The top 15% of features includes weight and always eating vegetables with meals (FCVC) which are two features also included as top features for the full dataset, Gen-Z dataset, and Millennial’s dataset. Additional eating habits features are included as top features: water intake at more than 2 liters per day and monitoring calories intake daily. In addition, physical activity features include direct physical activity 1 to 2 days or 3 to 4 days and means of transportation by public transit. This is interesting since previous models did not include specific eating habit features such as water intake and direct exercise or direct physical activity. The results are drastically different from the Gen-Z and Gen-X dataset but since the sample size is significantly lower, more data would be needed for this population to perform a more detailed and thorough analysis in validating these top features and determining what key features affect the classification of obesity for the Gen-X and Boomers age group

Comparsion of Results:

The model with the best accuracy from the Decision Tree classifier is the full dataset. The top 15% features for this model include age, weight, gender, family history with obesity, always eating vegetables with meals (FCVC) and frequently eating food between meals (CAEC). With these top features, the model still performed well with an accuracy of 86.3%. Biological features and family history with obesity are top features that are associated with classifying obesity. With the full dataset, only two additional eating habit features were top features. The models for Gen-Z age group and Millenials age group also included weight, gender, family history with obesity, always eating vegetables with meals (FCVC), and frequently eating food between meals (CAEC) as top features. Gen-Z includes more eating habit features including not eating high calorie foods frequently and number of meals consumed daily and Millenials includes a physical activity feature which is transportation by automobile. The accuracy for the the Gen-Z model is 91.8% whereas the accuracy for the Millenails model is 89.5%. When evaluating the performance with th top 15% features, the Millenials model performs slighly better at 80.6% wheras the Gen-Z model had an accuracy of 80.1%. The model for the Gen-X and Boomers age group performed the worst at an accuracy of 77.8%. Gen-X and Boomers had different top features compared to all other models. The top features still included weight, but no longer included gender and instead includes both eating habits and physical activity features including water intake of 2 liters or more, calories intake daily, and direct physical activity. The model had significantly lower amount of data compared to previous models which may contribute to the lower accuracy and the low performance of the model.

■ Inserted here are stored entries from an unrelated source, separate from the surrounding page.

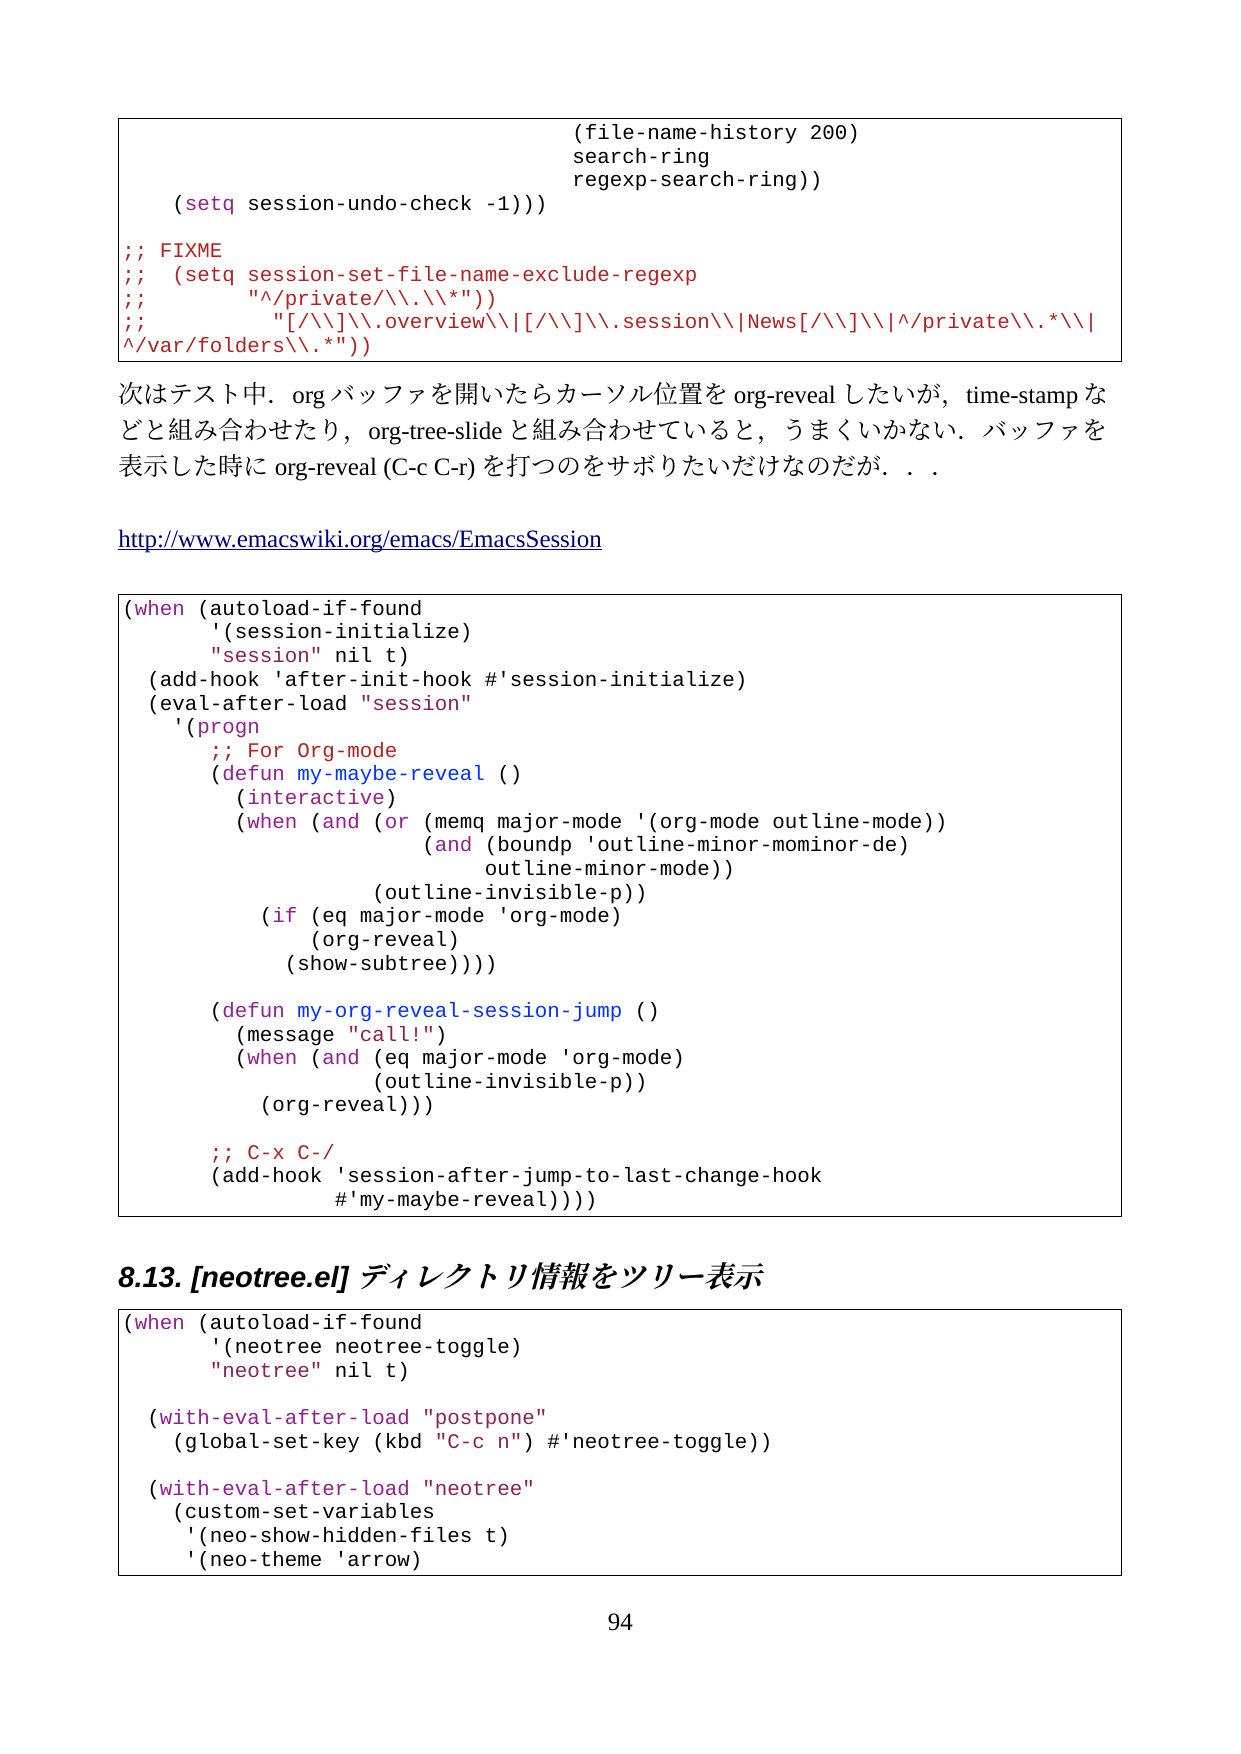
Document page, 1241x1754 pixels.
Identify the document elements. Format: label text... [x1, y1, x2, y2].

text ;; "^/private/\\.\\*")) [119, 284, 1121, 307]
text (outline-invisible-p)) [119, 1067, 1121, 1091]
text '(neotree neotree-toggle) [119, 1332, 1121, 1356]
text (message "call!") [119, 1019, 1121, 1043]
text ;; For Org-mode [119, 736, 1121, 759]
text "neotree" nil t) [119, 1356, 1121, 1379]
text (when (autoload-if-found [119, 1310, 1121, 1332]
text (add-hook 'after-init-hook #'session-initialize) [119, 665, 1121, 688]
text (interactive) [119, 783, 1121, 807]
text '(progn [119, 712, 1121, 736]
text (custom-set-variables [119, 1498, 1121, 1521]
text http://www.emacswiki.org/emacs/EmacsSession [118, 524, 1122, 581]
text (when (and (or (memq major-mode '(org-mode outline-mode)) [119, 807, 1121, 830]
text 次はテスト中．orgバッファを開いたらカーソル位置をorg-revealしたいが，time-stampなどと組み合わせたり，org-tree-slideと組み合わせていると，うまくいかない．バッファを表示した時に org-reveal (C-c C-r) を打つのをサボりたいだけなのだが．．． [118, 375, 1122, 511]
text (defun my-maybe-reveal () [119, 759, 1121, 783]
text (with-eval-after-load "neotree" [119, 1474, 1121, 1498]
text "session" nil t) [119, 641, 1121, 665]
text '(neo-show-hidden-files t) [119, 1521, 1121, 1545]
text (add-hook 'session-after-jump-to-last-change-hook [119, 1161, 1121, 1185]
text (when (and (eq major-mode 'org-mode) [119, 1043, 1121, 1067]
text ;; FIXME [119, 236, 1121, 260]
text (show-subtree)))) [119, 949, 1121, 972]
text (setq session-undo-check -1))) [119, 189, 1121, 213]
text (with-eval-after-load "postpone" [119, 1403, 1121, 1427]
text '(session-initialize) [119, 618, 1121, 641]
text #'my-maybe-reveal)))) [119, 1185, 1121, 1216]
text ;; "[/\\]\\.overview\\|[/\\]\\.session\\|News[/\\]\\|^/private\\.*\\|^/var/folders\\.*")) [119, 307, 1121, 361]
text regexp-search-ring)) [119, 165, 1121, 189]
text (eval-after-load "session" [119, 688, 1121, 712]
text (if (eq major-mode 'org-mode) [119, 901, 1121, 925]
text ;; (setq session-set-file-name-exclude-regexp [119, 260, 1121, 284]
text ;; C-x C-/ [119, 1138, 1121, 1161]
text (org-reveal) [119, 925, 1121, 949]
text outline-minor-mode)) [119, 854, 1121, 878]
text (and (boundp 'outline-minor-mominor-de) [119, 830, 1121, 854]
text (when (autoload-if-found [119, 595, 1121, 618]
subtitle [neotree.el] ディレクトリ情報をツリー表示 [118, 1254, 1122, 1296]
text (outline-invisible-p)) [119, 878, 1121, 901]
text (file-name-history 200) [119, 119, 1121, 142]
text (global-set-key (kbd "C-c n") #'neotree-toggle)) [119, 1427, 1121, 1450]
text (org-reveal))) [119, 1091, 1121, 1114]
text search-ring [119, 142, 1121, 165]
text '(neo-theme 'arrow) [119, 1545, 1121, 1575]
text (defun my-org-reveal-session-jump () [119, 996, 1121, 1019]
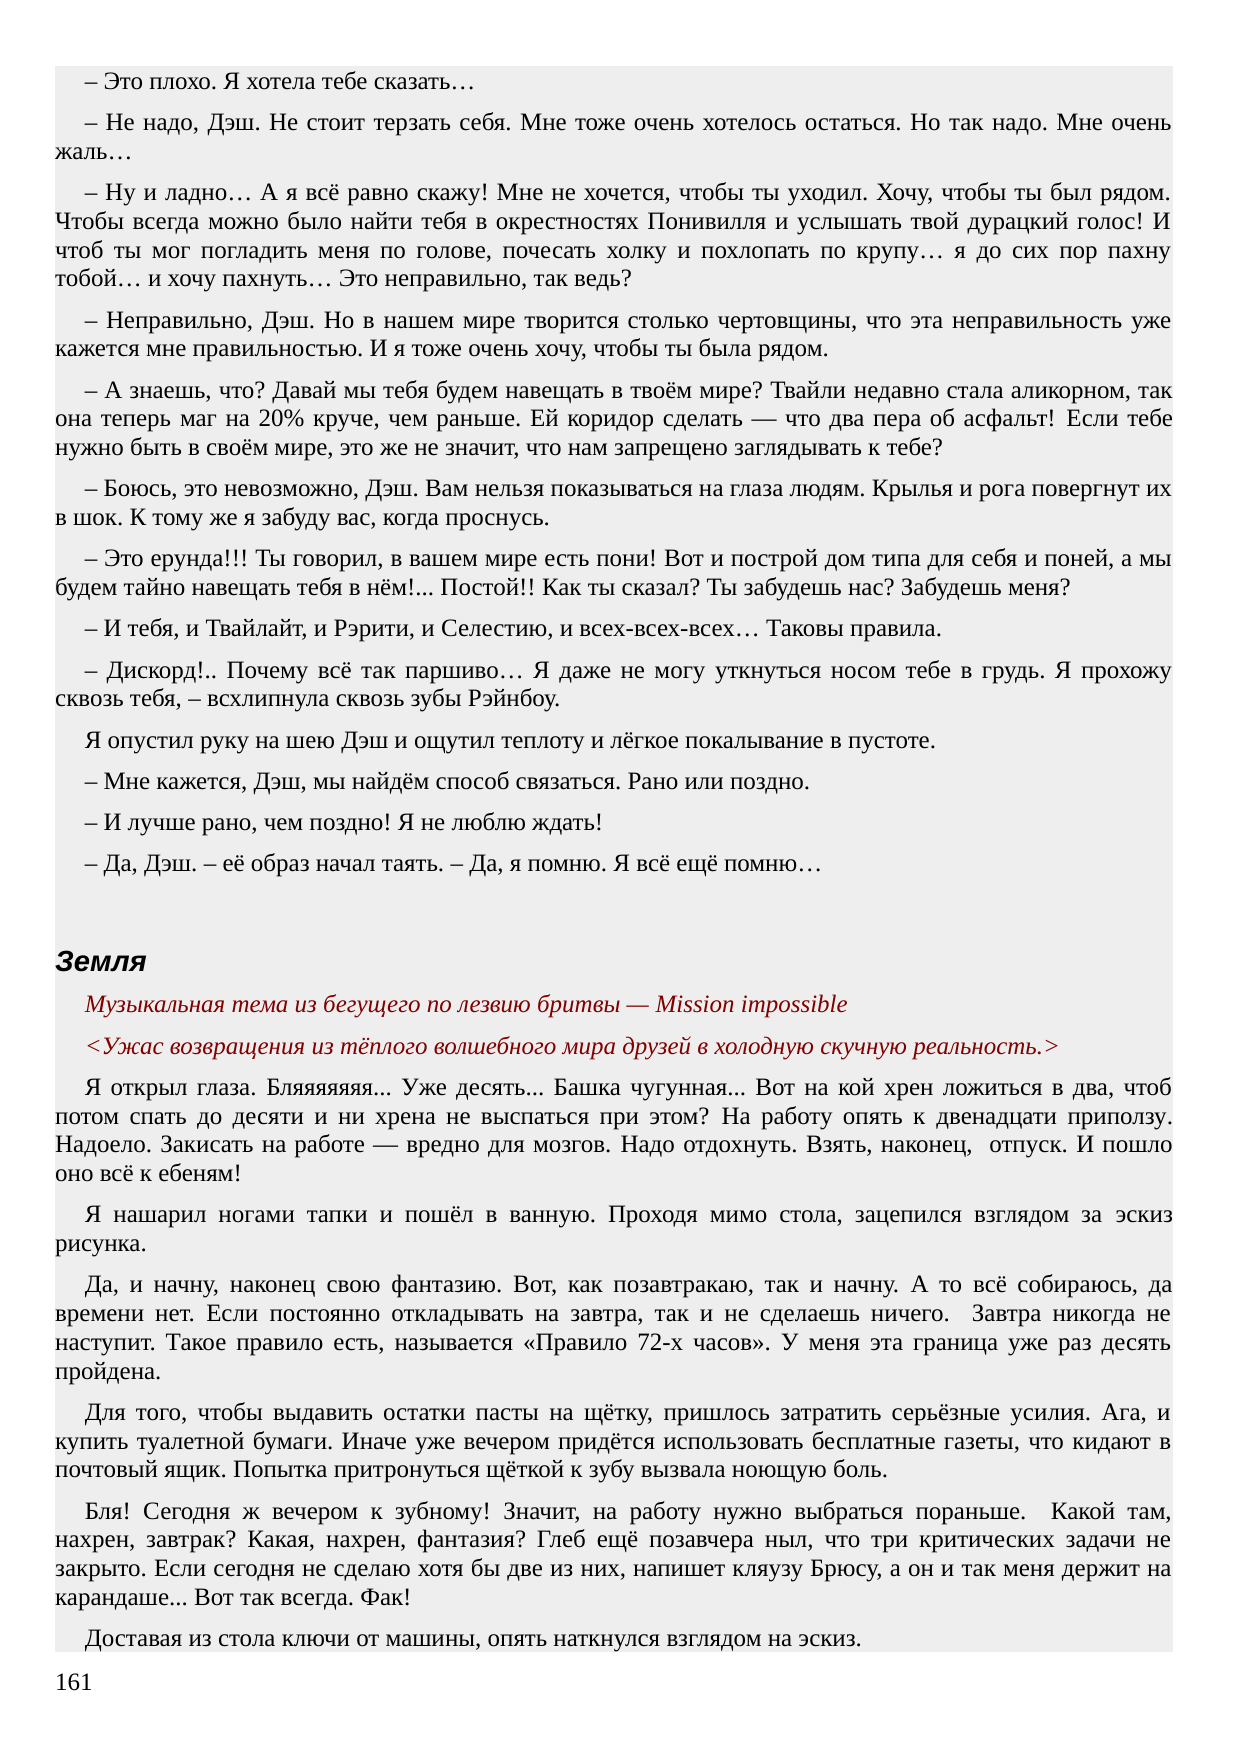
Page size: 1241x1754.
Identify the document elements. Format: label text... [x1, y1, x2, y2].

text – И тебя, и Твайлайт, и Рэрити, и Селестию, и всех-всех-всех… Таковы правила. [55, 613, 1173, 642]
text Бля! Сегодня ж вечером к зубному! Значит, на работу нужно выбраться пораньше. Какой там, нахрен, завтрак? Какая, нахрен, фантазия? Глеб ещё позавчера ныл, что три критических задачи не закрыто. Если сегодня не сделаю хотя бы две из них, напишет кляузу Брюсу, а он и так меня держит на карандаше... Вот так всегда. Фак! [55, 1496, 1173, 1611]
text Я нашарил ногами тапки и пошёл в ванную. Проходя мимо стола, зацепился взглядом за эскиз рисунка. [55, 1199, 1173, 1257]
text – И лучше рано, чем поздно! Я не люблю ждать! [55, 807, 1173, 836]
text Музыкальная тема из бегущего по лезвию бритвы — Mission impossible [55, 989, 1173, 1018]
text – Это ерунда!!! Ты говорил, в вашем мире есть пони! Вот и построй дом типа для себя и поней, а мы будем тайно навещать тебя в нём!... Постой!! Как ты сказал? Ты забудешь нас? Забудешь меня? [55, 543, 1173, 601]
text – Мне кажется, Дэш, мы найдём способ связаться. Рано или поздно. [55, 766, 1173, 795]
text <Ужас возвращения из тёплого волшебного мира друзей в холодную скучную реальность.> [55, 1031, 1173, 1059]
text Я открыл глаза. Бляяяяяяя... Уже десять... Башка чугунная... Вот на кой хрен ложиться в два, чтоб потом спать до десяти и ни хрена не выспаться при этом? На работу опять к двенадцати приползу. Надоело. Закисать на работе — вредно для мозгов. Надо отдохнуть. Взять, наконец, отпуск. И пошло оно всё к ебеням! [55, 1072, 1173, 1187]
text Я опустил руку на шею Дэш и ощутил теплоту и лёгкое покалывание в пустоте. [55, 725, 1173, 753]
text – А знаешь, что? Давай мы тебя будем навещать в твоём мире? Твайли недавно стала аликорном, так она теперь маг на 20% круче, чем раньше. Ей коридор сделать — что два пера об асфальт! Если тебе нужно быть в своём мире, это же не значит, что нам запрещено заглядывать к тебе? [55, 375, 1173, 461]
text Доставая из стола ключи от машины, опять наткнулся взглядом на эскиз. [55, 1623, 1173, 1652]
text – Дискорд!.. Почему всё так паршиво… Я даже не могу уткнуться носом тебе в грудь. Я прохожу сквозь тебя, – всхлипнула сквозь зубы Рэйнбоу. [55, 655, 1173, 712]
text – Не надо, Дэш. Не стоит терзать себя. Мне тоже очень хотелось остаться. Но так надо. Мне очень жаль… [55, 107, 1173, 165]
subtitle Земля [55, 943, 1173, 977]
text – Неправильно, Дэш. Но в нашем мире творится столько чертовщины, что эта неправильность уже кажется мне правильностью. И я тоже очень хочу, чтобы ты была рядом. [55, 305, 1173, 362]
text Для того, чтобы выдавить остатки пасты на щётку, пришлось затратить серьёзные усилия. Ага, и купить туалетной бумаги. Иначе уже вечером придётся использовать бесплатные газеты, что кидают в почтовый ящик. Попытка притронуться щёткой к зубу вызвала ноющую боль. [55, 1397, 1173, 1483]
text Да, и начну, наконец свою фантазию. Вот, как позавтракаю, так и начну. А то всё собираюсь, да времени нет. Если постоянно откладывать на завтра, так и не сделаешь ничего. Завтра никогда не наступит. Такое правило есть, называется «Правило 72-х часов». У меня эта граница уже раз десять пройдена. [55, 1269, 1173, 1384]
text – Боюсь, это невозможно, Дэш. Вам нельзя показываться на глаза людям. Крылья и рога повергнут их в шок. К тому же я забуду вас, когда проснусь. [55, 473, 1173, 531]
text – Ну и ладно… А я всё равно скажу! Мне не хочется, чтобы ты уходил. Хочу, чтобы ты был рядом. Чтобы всегда можно было найти тебя в окрестностях Понивилля и услышать твой дурацкий голос! И чтоб ты мог погладить меня по голове, почесать холку и похлопать по крупу… я до сих пор пахну тобой… и хочу пахнуть… Это неправильно, так ведь? [55, 177, 1173, 292]
text – Это плохо. Я хотела тебе сказать… [55, 66, 1173, 95]
text – Да, Дэш. – её образ начал таять. – Да, я помню. Я всё ещё помню… [55, 848, 1173, 877]
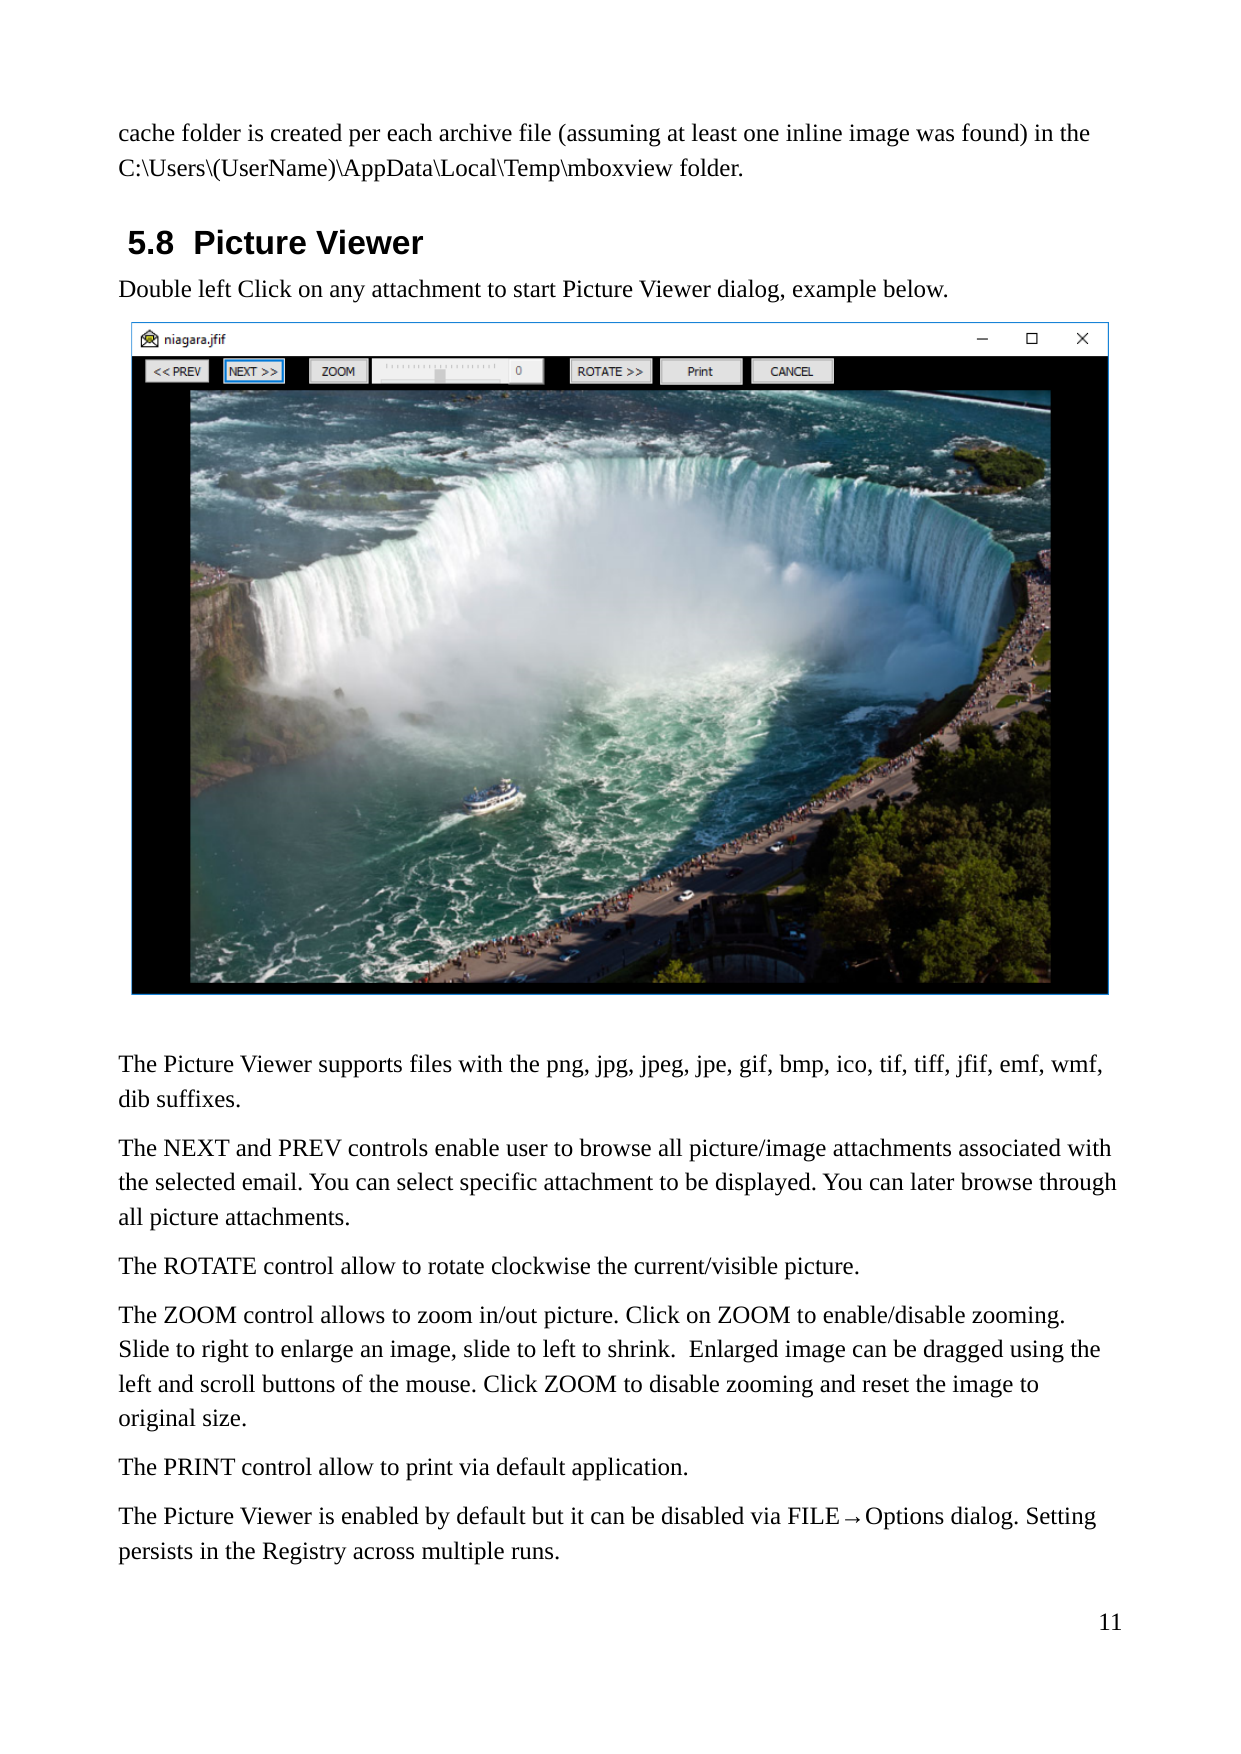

In conclusion, Gen-Z age group is over represented in the full datset compared to Millenials and Gen-X and Boomers. The classifier model performed better on the full dataset. The classifer model equally performed well on the Gen-Z and Millenials datset. By looking at the top features and evaluating the models using the top features, we can see which features are most important in classifying obesity levels. In this case, for the Gen-Z and Millenials age group, biological and hirediary features are more associated with obesity levels, with eating habits as additional top features specifically eating vegetables with meals and eating between meals. Gender appears to play a role with Gen-Z and Millenials age group. This is expected due to biological factors such as difference in weight, height, and calorie intake. For Gen-X and Boomers age group, weight and direct eating habits such as water intake, calorie intake, direct physical activity, and mode of transportation are top features. More data is needed for Gen-X and Boomers to be able to analysis and evaluate the models and determine which features affect classification of obesity levels best.